February 24, 2020

From Webster Hall to the ISB: The 2010 decade brought a new home to the science department

The science department dealt with outdated equipment, carpeted labs and sweltering lecture rooms in Webster Hall. The program received major improvements when the Interdisiplinary Science Building was completed in 2017.

Webster graduate student Thomas Quintero joined the university during the centennial celebration of Webster Hall. This meant Quintero took his first science courses at the university in the hundred-year-old building. He remembers associating a “sense of tradition” with the old building, but adds any attachment was sentimental and not practical.

The Interdisciplinary Science Building (ISB) was founded in 2017. The new building offered students and faculty major improvements and opportunities in contrast to Webster Hall.

According to Stephanie Schroder, professor and chair of Biological Sciences at Webster University, around 10 to 15 students enrolled in biochemistry when she began teaching at Webster in 2003. That number, however, grew and reached over 30 students. “We just didn’t fit in the basement of Webster Hall anymore,” Schroder said.

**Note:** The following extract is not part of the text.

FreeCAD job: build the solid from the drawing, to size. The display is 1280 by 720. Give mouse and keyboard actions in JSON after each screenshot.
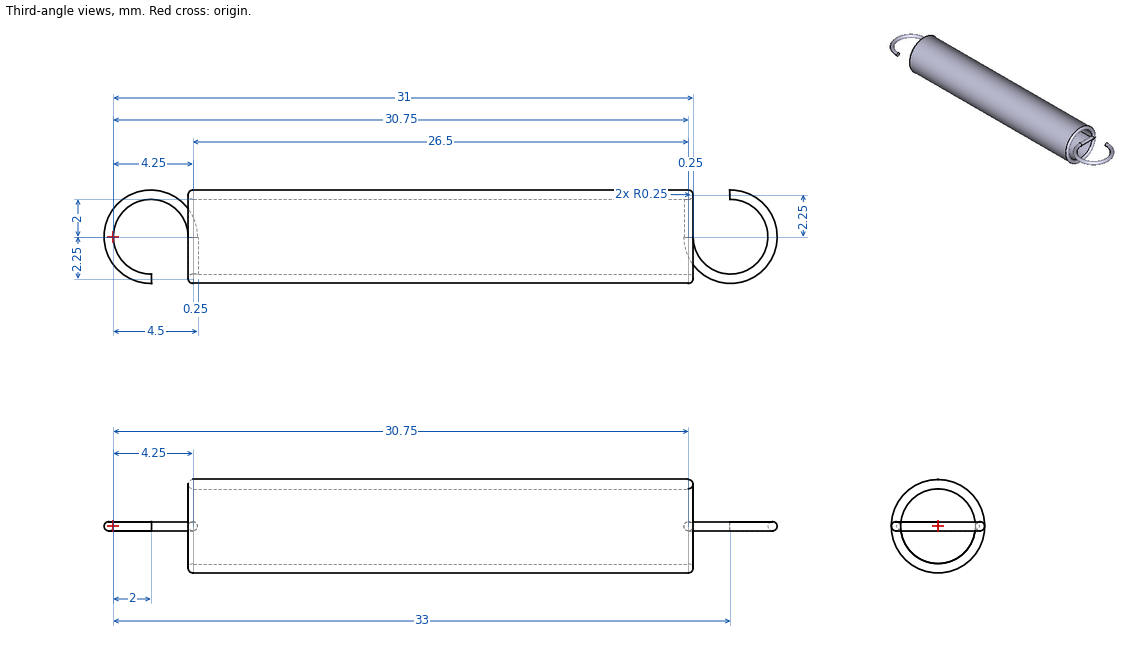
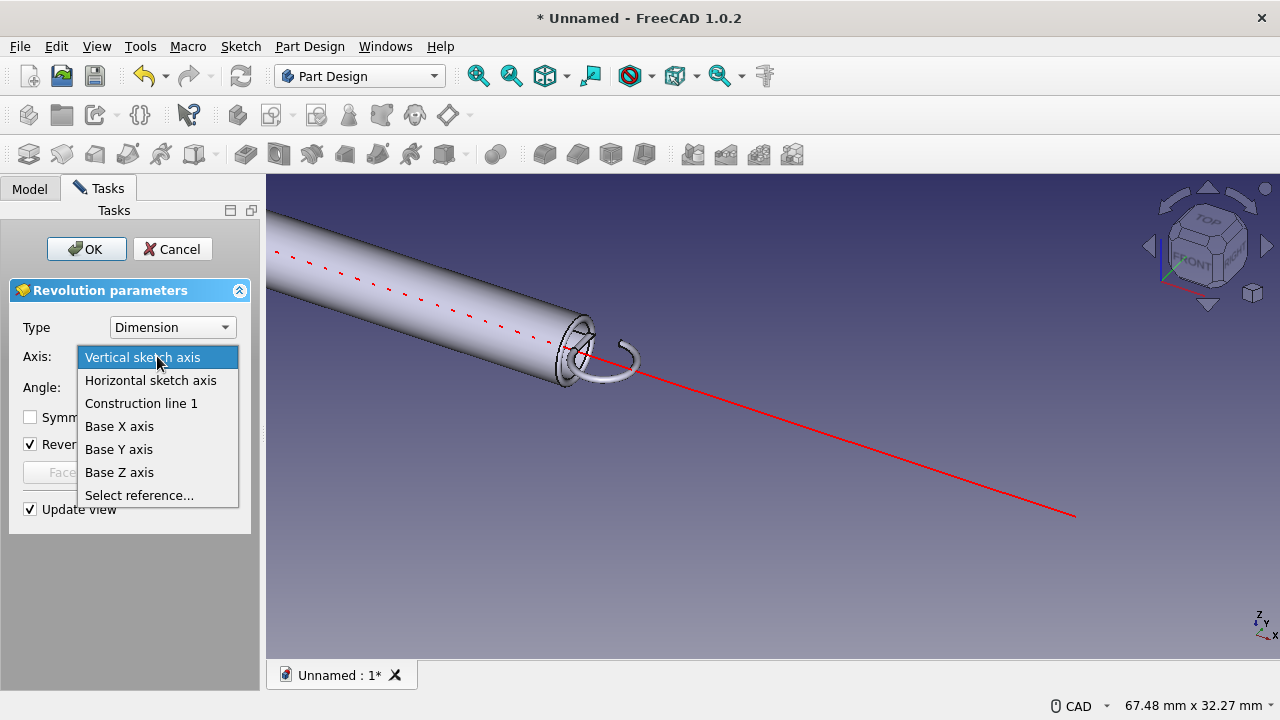
{"action": "left_click", "coordinate": [156, 404]}

Ryan Groeneman, a chemistry professor, knew the limitations of the Webster Hall labs firsthand. He said the single available chemistry lab housed classes almost constantly, making research difficult for students attempting to finish their senior thesis. “It was a nightmare to schedule it. My research students just had to sneak in when labs were running,” Groeneman said.

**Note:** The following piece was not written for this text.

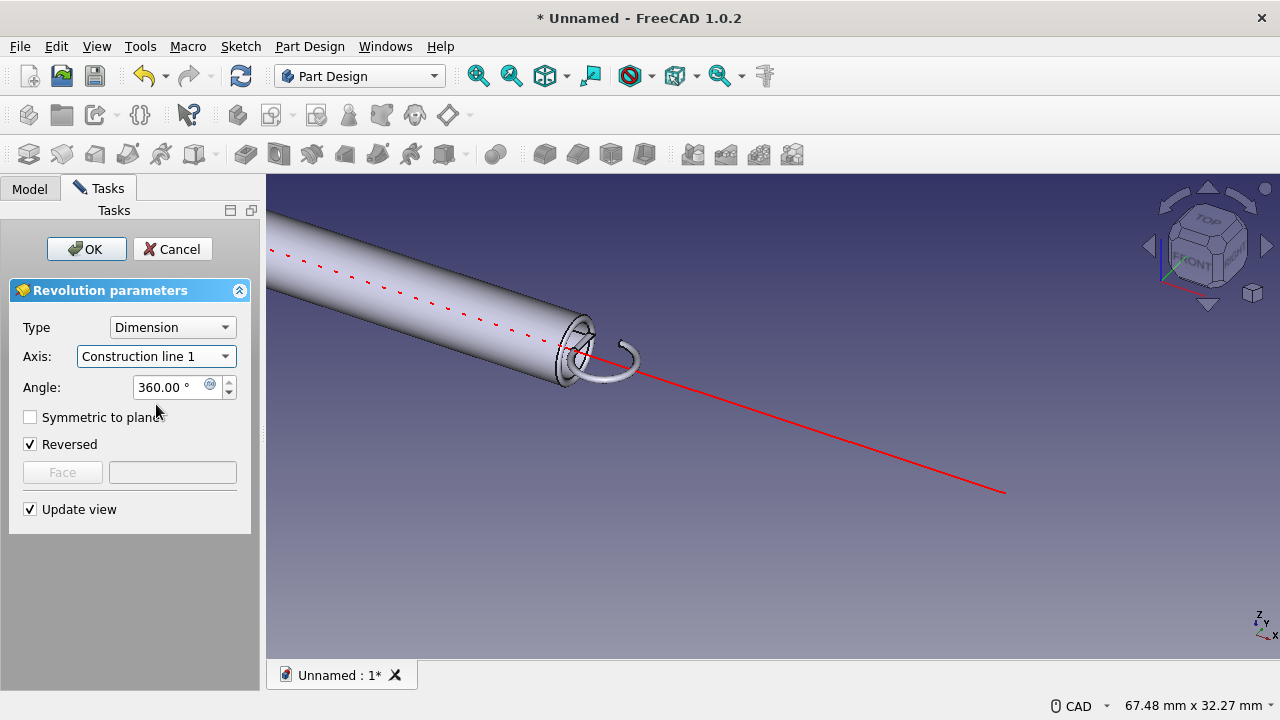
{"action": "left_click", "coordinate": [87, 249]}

Quintero described the chemistry lab at Webster Hall as “the most disorganized room” he had ever seen. Now, Schroder said the new building offers students significantly more space for learning and independent research. When the science department made the move to the ISB, they were also able to provide new and improved equipment.

Schroeder, Groeneman, Quintero, and adjunct professor Lisa Grantham all agreed that the hoods in the ISB were a major improvement when compared to Webster Hall. The concerns over the health and safety risks involved in hyper-congested space were no longer an issue. Quintero said, “You could have access to a safe working environment at all times, so that’s huge.”

The outside of the ISB. Photo credit to Webster University.

In terms of new equipment, the science department has received sinks in every lab, dishwashers, computer facilities in the ISB.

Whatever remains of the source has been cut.